Duan Tran Given all of the conversations around COVID, my belief is that the latest renewed interest in biophilic design is much more genuine now and moving forward. Whereas in the past, biophilia was seen as an optional program element, it is now seen as a necessity given our client’s greater focus on wellness and health.
Coldwell Banker Global Luxury There’s the direct experience of nature – literal contact with plants or views – and then there’s the indirect experience of using natural materials like wood or stone. What is KAA’s approach to integrating both kinds of experiences into the home?
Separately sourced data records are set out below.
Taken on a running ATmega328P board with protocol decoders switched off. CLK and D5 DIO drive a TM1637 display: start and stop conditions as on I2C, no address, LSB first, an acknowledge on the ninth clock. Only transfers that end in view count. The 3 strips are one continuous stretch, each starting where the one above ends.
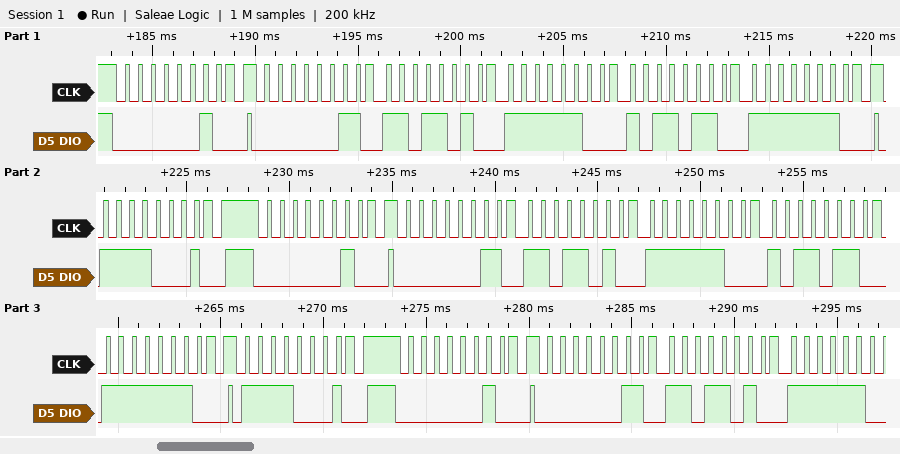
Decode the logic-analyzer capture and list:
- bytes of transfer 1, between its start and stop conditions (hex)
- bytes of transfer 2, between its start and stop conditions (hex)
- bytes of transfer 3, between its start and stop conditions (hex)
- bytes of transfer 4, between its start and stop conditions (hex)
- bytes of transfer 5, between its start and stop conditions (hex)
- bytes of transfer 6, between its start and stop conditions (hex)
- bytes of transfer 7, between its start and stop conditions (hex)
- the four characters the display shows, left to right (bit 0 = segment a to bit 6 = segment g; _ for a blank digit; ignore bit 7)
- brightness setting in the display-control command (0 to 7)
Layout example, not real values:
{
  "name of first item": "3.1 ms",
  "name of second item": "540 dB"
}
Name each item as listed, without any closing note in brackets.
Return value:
{
  "bytes of transfer 1, between its start and stop conditions": "40",
  "bytes of transfer 2, between its start and stop conditions": "C0 5B 3F 6D 7F",
  "bytes of transfer 3, between its start and stop conditions": "8F",
  "bytes of transfer 4, between its start and stop conditions": "40",
  "bytes of transfer 5, between its start and stop conditions": "C0 5B 3F 6D 7F",
  "bytes of transfer 6, between its start and stop conditions": "8F",
  "bytes of transfer 7, between its start and stop conditions": "40",
  "the four characters the display shows, left to right": "2058",
  "brightness setting in the display-control command": "7"
}
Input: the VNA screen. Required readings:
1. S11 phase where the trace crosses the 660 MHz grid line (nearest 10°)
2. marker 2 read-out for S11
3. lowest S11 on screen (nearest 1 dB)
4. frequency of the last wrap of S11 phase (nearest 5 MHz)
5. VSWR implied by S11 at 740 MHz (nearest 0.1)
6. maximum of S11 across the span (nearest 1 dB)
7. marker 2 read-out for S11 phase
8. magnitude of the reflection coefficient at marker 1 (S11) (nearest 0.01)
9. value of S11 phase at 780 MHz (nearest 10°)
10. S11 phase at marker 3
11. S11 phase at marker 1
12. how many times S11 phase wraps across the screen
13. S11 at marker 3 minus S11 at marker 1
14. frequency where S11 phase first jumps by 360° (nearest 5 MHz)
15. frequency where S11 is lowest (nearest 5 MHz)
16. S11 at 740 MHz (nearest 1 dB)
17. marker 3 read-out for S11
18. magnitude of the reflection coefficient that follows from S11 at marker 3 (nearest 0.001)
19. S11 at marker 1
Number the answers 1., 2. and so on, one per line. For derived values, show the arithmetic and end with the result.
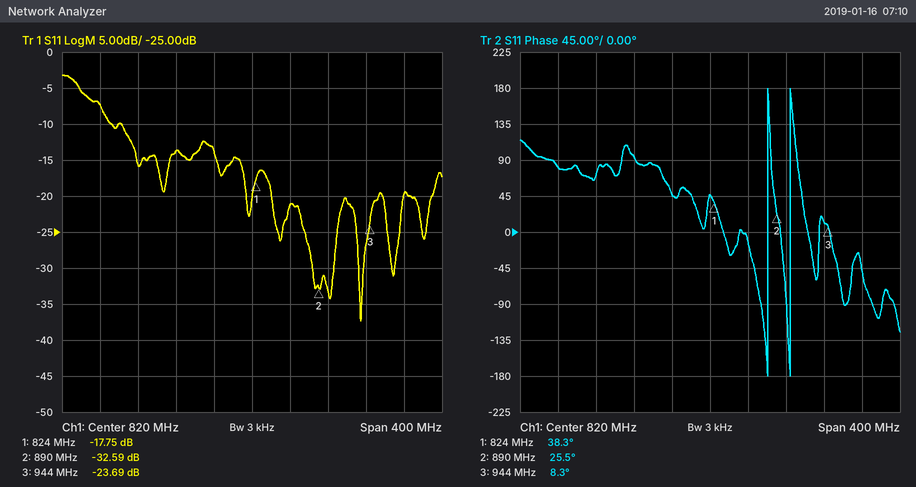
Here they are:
1. 80°
2. -32.59 dB
3. -37 dB
4. 905 MHz
5. |Γ| = 10^(-14/20) = 0.1995; VSWR = (1 + 0.1995)/(1 − 0.1995) ≈ 1.5
6. -3 dB
7. 25.5°
8. 10^(-17.75/20) ≈ 0.13
9. 50°
10. 8.3°
11. 38.3°
12. 2
13. -23.69 − (-17.75) = -5.94 dB
14. 880 MHz
15. 935 MHz
16. -14 dB
17. -23.69 dB
18. 10^(-23.69/20) ≈ 0.065
19. -17.75 dB
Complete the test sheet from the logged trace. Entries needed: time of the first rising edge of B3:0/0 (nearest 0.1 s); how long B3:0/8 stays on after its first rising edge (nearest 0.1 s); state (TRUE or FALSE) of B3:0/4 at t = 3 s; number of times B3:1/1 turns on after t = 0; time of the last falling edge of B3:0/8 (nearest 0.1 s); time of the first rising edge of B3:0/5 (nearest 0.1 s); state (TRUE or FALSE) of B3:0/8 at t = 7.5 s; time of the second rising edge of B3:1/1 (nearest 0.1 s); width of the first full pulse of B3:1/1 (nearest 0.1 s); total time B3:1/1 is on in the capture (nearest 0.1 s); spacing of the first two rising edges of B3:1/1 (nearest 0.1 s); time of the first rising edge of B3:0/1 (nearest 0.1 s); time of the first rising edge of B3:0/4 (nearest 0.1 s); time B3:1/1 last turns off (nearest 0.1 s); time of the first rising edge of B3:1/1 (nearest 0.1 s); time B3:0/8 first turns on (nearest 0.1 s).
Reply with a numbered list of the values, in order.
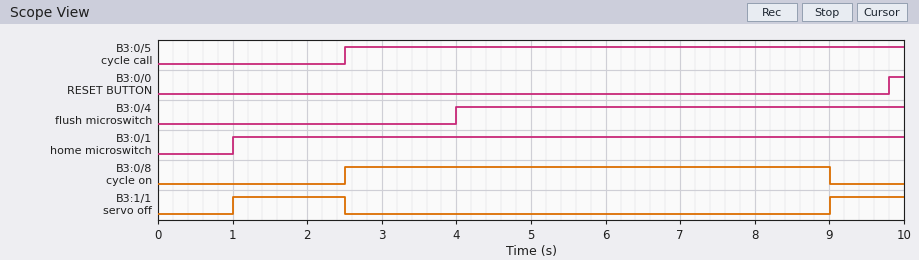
1. 9.8 s
2. 6.5 s
3. FALSE
4. 2
5. 9.0 s
6. 2.5 s
7. TRUE
8. 9.0 s
9. 1.5 s
10. 2.5 s
11. 8.0 s
12. 1.0 s
13. 4.0 s
14. 2.5 s
15. 1.0 s
16. 2.5 s
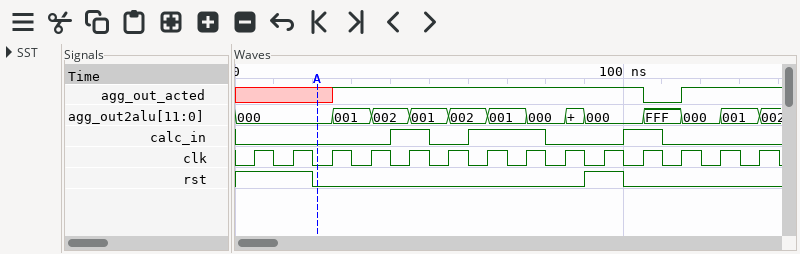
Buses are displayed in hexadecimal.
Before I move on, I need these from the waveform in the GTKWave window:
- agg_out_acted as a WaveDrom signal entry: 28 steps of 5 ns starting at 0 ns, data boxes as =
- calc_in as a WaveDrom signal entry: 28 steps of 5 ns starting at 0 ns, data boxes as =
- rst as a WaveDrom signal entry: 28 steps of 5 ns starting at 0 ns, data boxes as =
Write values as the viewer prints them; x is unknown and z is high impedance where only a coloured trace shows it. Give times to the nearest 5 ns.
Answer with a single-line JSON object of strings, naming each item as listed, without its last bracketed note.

{"agg_out_acted as a WaveDrom signal entry: 28 steps of 5 ns starting at 0 ns, data boxes as =": "{name: 'agg_out_acted', wave: 'x....1...............0.1....'}", "calc_in as a WaveDrom signal entry: 28 steps of 5 ns starting at 0 ns, data boxes as =": "{name: 'calc_in', wave: '0.......1.0.1...0...1.0.....'}", "rst as a WaveDrom signal entry: 28 steps of 5 ns starting at 0 ns, data boxes as =": "{name: 'rst', wave: '1...0.............1.0.......'}"}
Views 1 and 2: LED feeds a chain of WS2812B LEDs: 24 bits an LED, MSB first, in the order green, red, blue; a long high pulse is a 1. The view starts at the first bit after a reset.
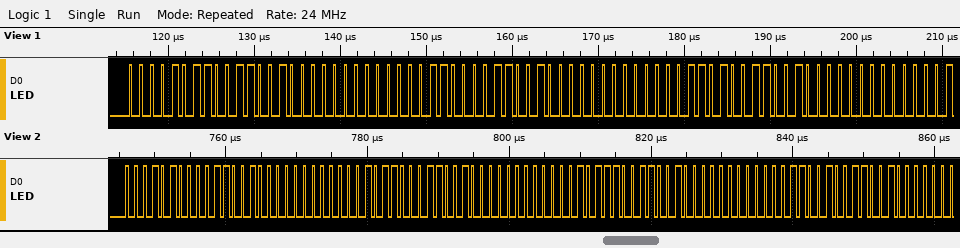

Duan Tran Our approach to biophilic design often manifests through the blurring of traditional boundaries of the natural and the man-made. In our Monaco Gym and Spa, we imagined this wellness environment to have three man-made walls, and one defined by nature. As a result, one finds themselves in a most unique pool environment, neither fully indoor nor outdoor. Surrounded by the comforts of an indoor space, while immersed within a lush natural environment. For the architectural finishes, organic travertine stone walls and wood planked floors exude a natural warmth that further compliments the space.
Coldwell Banker Global Luxury What about the role of natural light in biophilic design?
Duan Tran We believe that natural light is an integral component of thoughtful design. Each of our projects seeks to leverage and amplify the benefits of solar orientation to increase daylighting opportunities and solar panel use while managing the challenges of harsh afternoon light through deep overhangs and louvers. Given that humans are largely a diurnal species, thoughtful space planning that takes into consideration of the different levels of natural light throughout the day is also important in our work.
Coldwell Banker Global Luxury What are your clients asking for now, in terms of biophilic design, that they weren’t asking you for two years ago?
Duan Tran Dedicated wellness environments, beyond the traditional gym, are popular now. Within a wellness environment, we often design for a pool, spa, steam, massage, yoga, hot/cold plunges, and even cryotherapy. For many of our clients, this lifestyle component has grown to a level of daily ritual in their quest for self-care.
Coldwell Banker Global Luxury Are there any new approaches to biophilic design that are inspiring you right now?
Duan Tran Absolutely. As advances in biophilic design continue, I am excited about the renewed focus on basic approaches to sustainable and responsible design. For example, homes that embrace the opportunities for fresh air and natural cross ventilation, rather than exist as closed-off oversized air-conditioned boxes. Or opportunities to design and engineer for vegetated roofs “i.e. cool roofs,” to further create usable outdoor spaces while minimizing a home’s heat gain. These are only a handful of exciting approaches that are becoming more the rule than the exception in contemporary home design.
Coldwell Banker Global Luxury Where do you see the future of biophilic design going?
Duan Tran I sense that technology will become more impactful on the design and integration of biophilia in the future. In particular, imagine home automation systems that can automatically open or close large door systems given wind pressure, or window systems that would sense sun brightness and manage the the clarity of the glass to provide the appropriate level of view or privacy. The ease in how these systems would work and be a part of our everyday lives will further allow us to push the boundaries of how homes can more gracefully and responsibly connect to the environment.
Duan is a licensed architect and member of the AIA. He is also a member of the prestigious Leaders of Design Council, the Board of Directors for A+D Museum in Los Angeles, and the Advisory Board for Miami (OH)’s College of Creative Arts. Duan has also been invited to serve on several academic design juries, as well as a guest panelist for several design and industry media events.